Now we know: Congressional Republicans’ “investigations” are coordinated with Trump

CNN is now confirming what we’ve all suspected for a while now: House Republican caucus and committee leaders have been in regular communications with the coup-attempting Donald Trump, keeping him personally up to date on the status of committees and investigations launched to help cover up Trump’s crimes.

“Not only are Trump, his aides and close allies regularly apprised of Republicans’ committee work, they also at times exert influence over it,” reports CNN. And those communications have “emerged as a crucial method for Trump to shape Republicans’ priorities in their newly-won House majority.”

It’s long been evident that House Republicans have seen their defenses of Donald Trump’s often criminal-seeming acts as their top priority—and if there’s any priority number two, it’s certainly not evident. House Republican have made efforts to scuttle Trump’s impeachment for the extortion of the Ukrainian government and block investigations of the Trump’s Jan. 6 rally and the resulting attempted insurrection, refused to testify about their own acts leading up to and during the coup attempt, created a new committee devoted to “investigating” those that who have investigated Trump, and demanded that Manhattan District Attorney Alvin Bragg turn over all evidence in his own investigation of Trump’s hush money payments and the possible criminal cover-up of those payments. Republicans have been all-in in their efforts to sabotage any and all investigations of Trump.

CNN’s report puts a new spin on it, however. It’s not just that House Republicans have volunteered themselves as Trump’s personal saboteurs. They’ve been coordinating with Trump himself, even two years after Trump left office following his attempted coup.

CNN names Rep. Elise Stefanik as Trump’s “key point person” in House leadership, reporting that she and Trump “spoke several times last week alone, where she walked him through the GOP’s plans for an aggressive response to Bragg.” House Judiciary Committee Chair Jim Jordan and Trump also “speak regularly,” and Trump “has been regularly briefed” on what Oversight Committee Chair James Comer is working on.

The news that House Republicans have been in constant communication with Donald Trump as they mounted their new attack on Bragg would seem to be even more evidence that Jordan, Comer, and House Republican leadership are mounting the “investigation” of Bragg’s case specifically so that they can share confidential information about Bragg’s evidence and witnesses with Donald Trump. That’s been a long-running game among Trump’s House defenders. House Republicans invariably respond to investigations of possible crimes by Trump by exposing and then publicly demonizing witnesses and investigators, often by encouraging hoaxes and false claims against their targets.

So, yes. Jordan and other Republicans have been in constant touch with Trump as they formulated their attacks on Bragg. And yes, it does appear that there’s a direct pipeline in place that will feed whatever confidential information about Bragg’s case to Trump’s lawyers and Trump himself. It’s not obstruction of justice if Jordan does it!

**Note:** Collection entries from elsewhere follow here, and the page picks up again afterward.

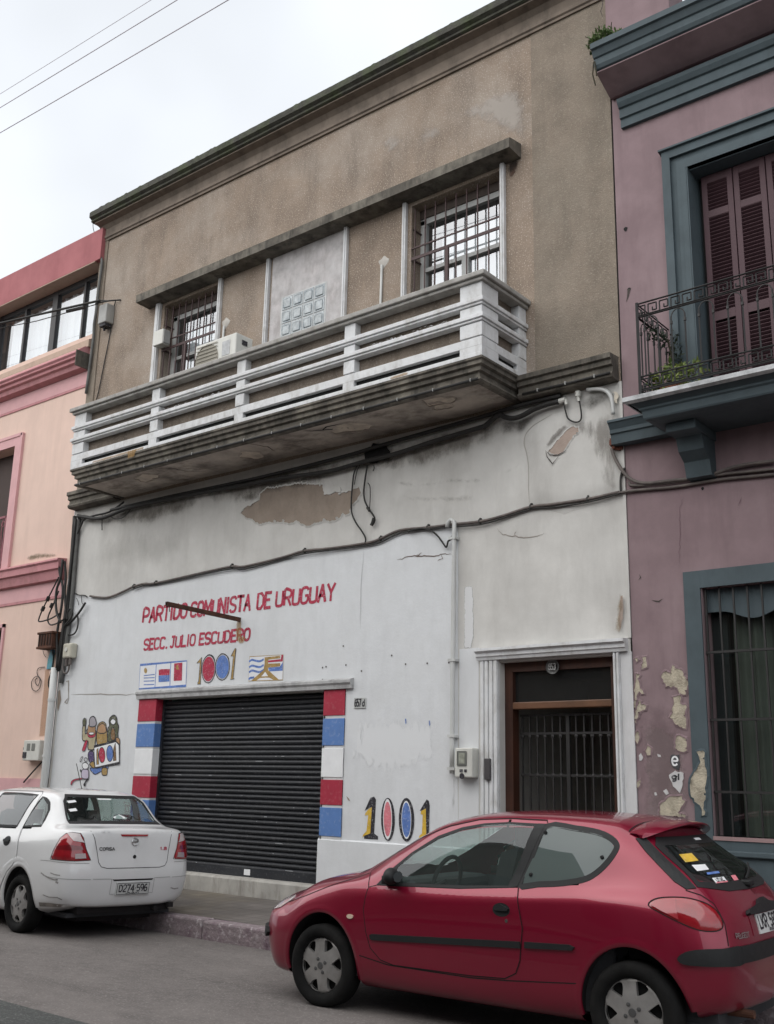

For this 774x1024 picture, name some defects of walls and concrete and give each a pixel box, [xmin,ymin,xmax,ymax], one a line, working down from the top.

spalling [546,425,580,464]
peeling [240,481,362,528]
peeling [633,655,653,757]
peeling [657,663,709,819]
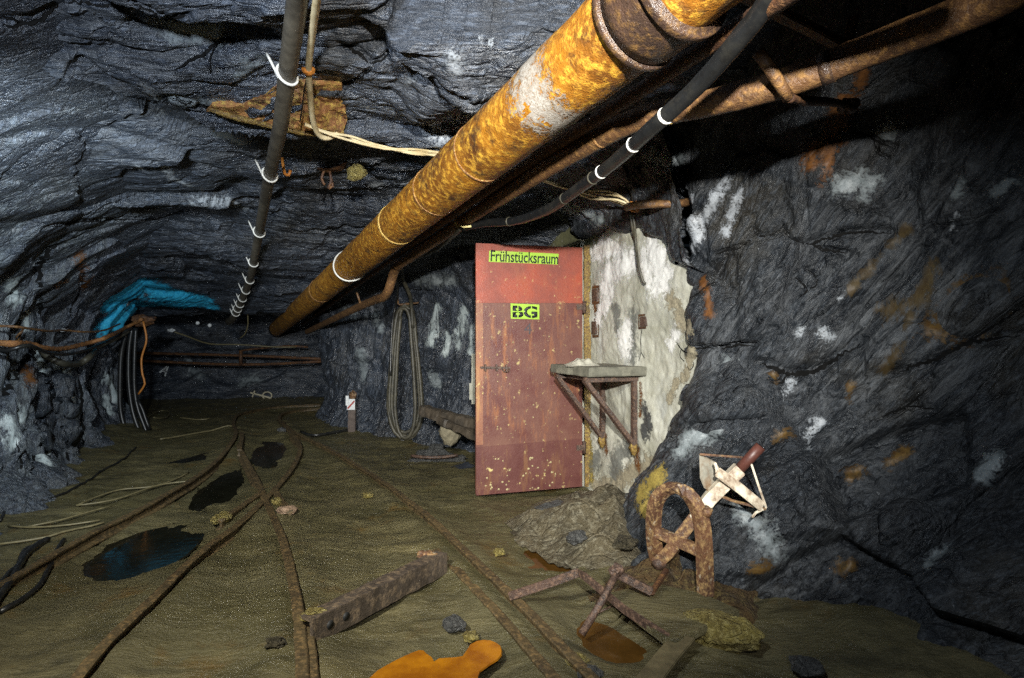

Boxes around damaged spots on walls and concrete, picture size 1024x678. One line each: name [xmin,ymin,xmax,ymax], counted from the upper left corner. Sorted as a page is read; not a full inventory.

damp [546,168,743,366]
damp [671,429,723,457]
damp [733,499,786,574]
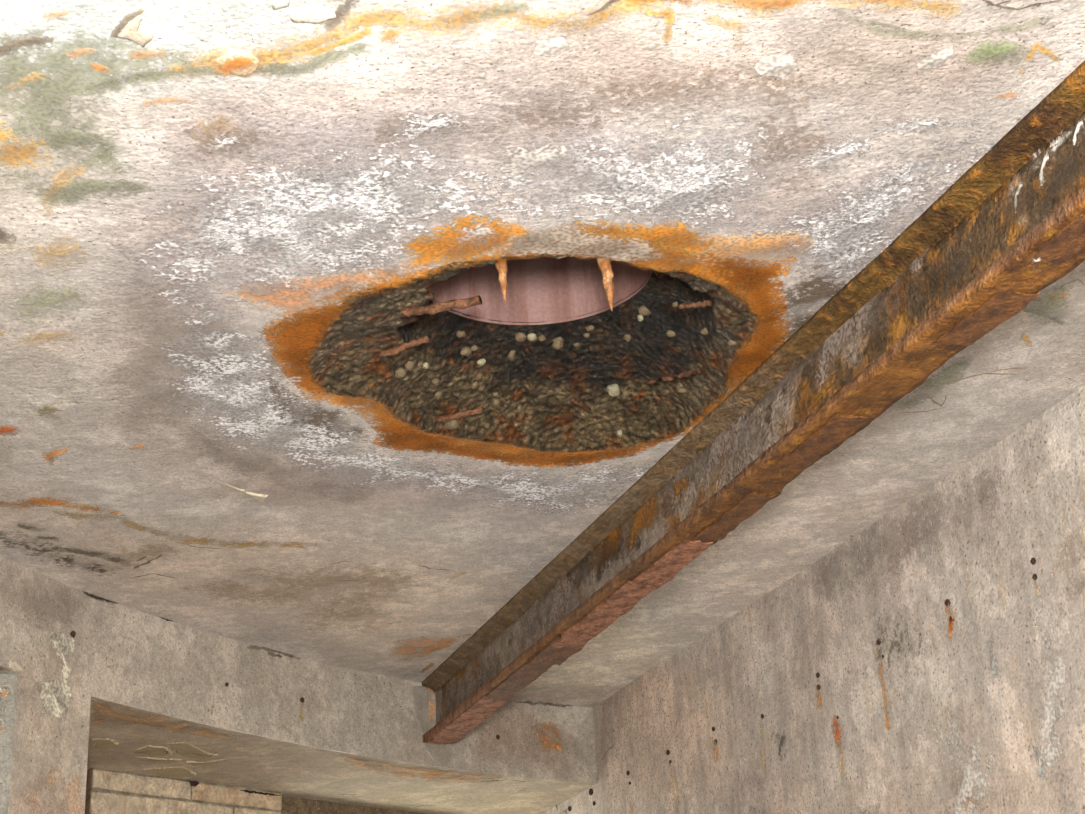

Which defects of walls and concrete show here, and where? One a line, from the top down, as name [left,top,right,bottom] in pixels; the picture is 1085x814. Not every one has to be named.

leakage [0,37,51,56]
corrosion [252,0,691,68]
corrosion [719,0,805,10]
corrosion [863,0,953,13]
crack [984,0,1061,10]
corrosion [1025,43,1059,61]
leakage [15,110,150,206]
leakage [762,117,993,339]
leakage [138,113,773,514]
corrosion [232,215,807,467]
spalling [305,224,761,452]
corrosion [832,717,841,745]
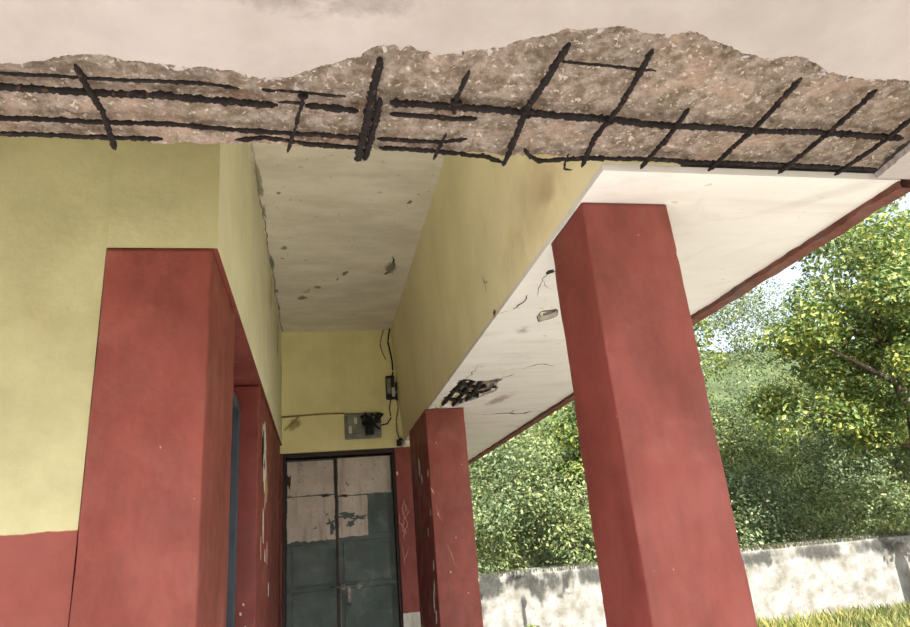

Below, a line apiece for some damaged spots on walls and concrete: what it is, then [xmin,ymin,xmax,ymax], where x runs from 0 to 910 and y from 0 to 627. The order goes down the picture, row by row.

spalling [0,26,910,176]
crack [502,269,555,313]
spalling [435,370,514,408]

What’s still not clear in any of this is just why Jordan and the rest of Republicanism continues to live inside Trump’s boxer shorts. Trump has been out of office for two years. Trump left office as the first American president to attempt a coup rather than give up power. Hundreds of police officers were attacked inside the U.S. Capitol as his insurrectionist mob battled their way towards the joint session of Congress that was held to formalize Trump’s loss. Trump is currently facing state lawsuits and investigations related to rape, bank fraud, campaign finance crimes, and a pressure campaign against Georgia election officials encouraging them to alter vote totals.

At any point, any at all, House Republicans could have cut Trump loose. It would have been easy. Jordan could have hopped up to a podium and said, “I’m sorry, we Republicans can overlook a whole lot of creepy-ass crimes but this dude is too much. We’re out.” Anyone could have said it. Trump only has power over the entire Republican Party if the entire Republican Party gives it to him. If Fox News, the conservative conference circuit, and the aimless wanderers of the Republican House and Senate caucuses declared Trump to be a Secret Liberal or in league with groomers or take-your-pick, history suggests the Republican base would go along with it without much complaint. A new Dear Leader gets chosen, photos of the last one get airbrushed away, done.

But no—for some reason, Republicans are more unified behind this golf-cheating blowhard then they’ve been around any other figure in the party’s modern history. It’s George W. Bush who’s been sent off to paint pictures of dogs. Donald Trump, on the other hand, gets constant updates on what precisely each elected Republican sycophant is doing to benefit him on any given day.

There’s something about the constantly lying, cheating, whining grievance machine that convinces Republicans that Donald Trump, of all people, is the savior the party has been waiting for all along.